| Work required |
Locate "rotation: [6, 11, -17]" in the data below, then output the line it is on and all following lines through the last, word for word. Skip any pictures.

──────────────────────────────

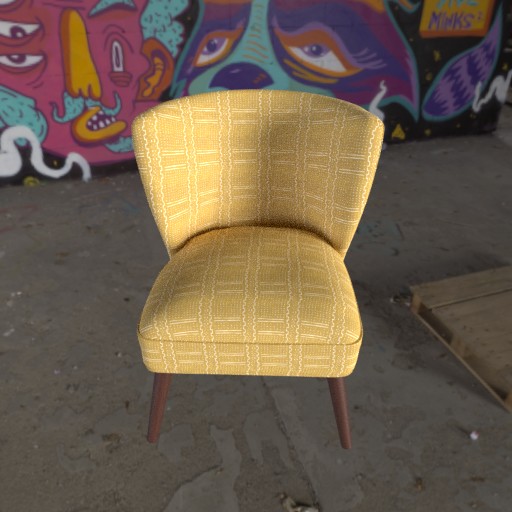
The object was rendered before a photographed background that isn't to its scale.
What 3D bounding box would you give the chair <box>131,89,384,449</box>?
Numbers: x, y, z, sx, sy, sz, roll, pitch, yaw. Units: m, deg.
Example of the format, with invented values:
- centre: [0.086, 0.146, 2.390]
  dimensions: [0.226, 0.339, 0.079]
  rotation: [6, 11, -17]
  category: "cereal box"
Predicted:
- centre: [0.000, 0.000, 1.400]
  dimensions: [0.706, 0.866, 0.758]
  rotation: [1, 32, 2]
  category: "chair"
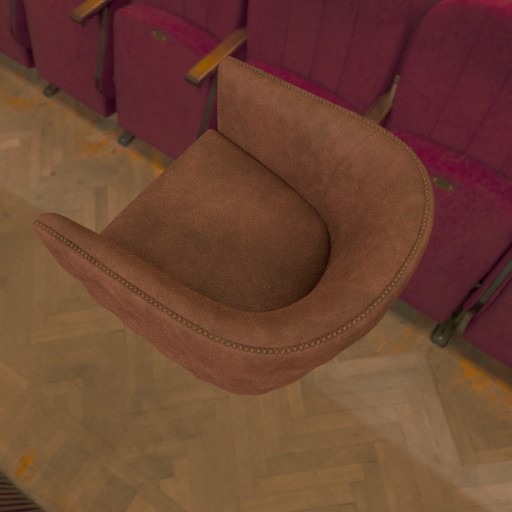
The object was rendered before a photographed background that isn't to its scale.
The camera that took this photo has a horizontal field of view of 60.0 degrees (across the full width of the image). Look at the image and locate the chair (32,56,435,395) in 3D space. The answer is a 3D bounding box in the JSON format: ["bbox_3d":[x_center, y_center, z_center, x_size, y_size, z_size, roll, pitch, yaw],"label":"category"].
[{"bbox_3d":[0.000,0.000,1.453,0.870,0.790,0.850,33,67,16],"label":"chair"}]
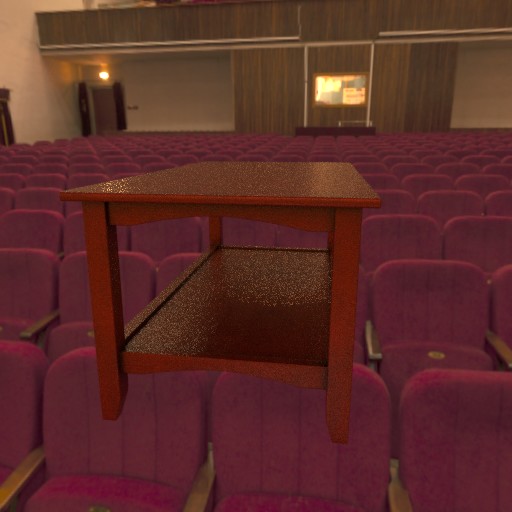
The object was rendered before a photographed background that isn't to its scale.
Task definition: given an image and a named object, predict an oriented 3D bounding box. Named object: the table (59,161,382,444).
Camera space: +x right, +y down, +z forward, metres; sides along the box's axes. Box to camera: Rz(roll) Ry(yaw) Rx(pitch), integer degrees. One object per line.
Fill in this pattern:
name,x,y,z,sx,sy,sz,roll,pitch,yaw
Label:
table,0.000,0.000,1.220,0.533,0.456,0.943,2,15,8
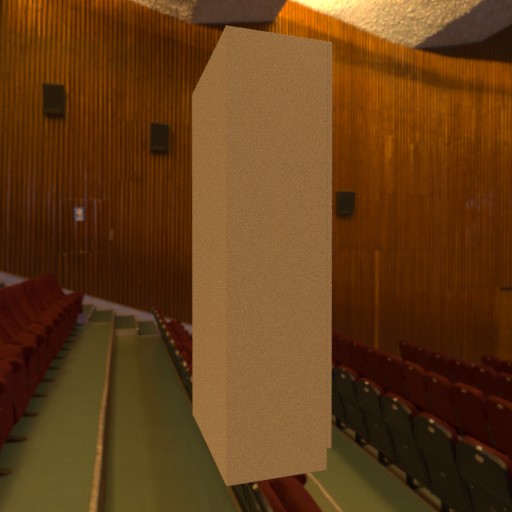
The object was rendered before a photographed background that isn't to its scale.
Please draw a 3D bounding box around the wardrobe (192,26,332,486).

──────────────────────────────

| The answer |
  rotation: [6, 11, -17]
  category: "cereal box"
Predicted:
- centre: [0.000, 0.000, 1.400]
  dimensions: [0.706, 0.866, 0.758]
  rotation: [1, 32, 2]
  category: "chair"
The object was rendered before a photographed background that isn't to its scale.
The camera that took this photo has a horizontal field of view of 60.0 degrees (across the full width of the image). Look at the image and locate the chair (32,56,435,395) in 3D space. The answer is a 3D bounding box in the JSON format: ["bbox_3d":[x_center, y_center, z_center, x_size, y_size, z_size, roll, pitch, yaw],"label":"category"].
[{"bbox_3d":[0.000,0.000,1.453,0.870,0.790,0.850,33,67,16],"label":"chair"}]
The object was rendered before a photographed background that isn't to its scale.
Task definition: given an image and a named object, predict an oriented 3D bounding box. Named object: the table (59,161,382,444).
Camera space: +x right, +y down, +z forward, metres; sides along the box's axes. Box to camera: Rz(roll) Ry(yaw) Rx(pitch), integer degrees. One object per line.
Fill in this pattern:
name,x,y,z,sx,sy,sz,roll,pitch,yaw
Label:
table,0.000,0.000,1.220,0.533,0.456,0.943,2,15,8
The object was rendered before a photographed background that isn't to its scale.
Please draw a 3D bounding box around the wardrobe (192,26,332,486).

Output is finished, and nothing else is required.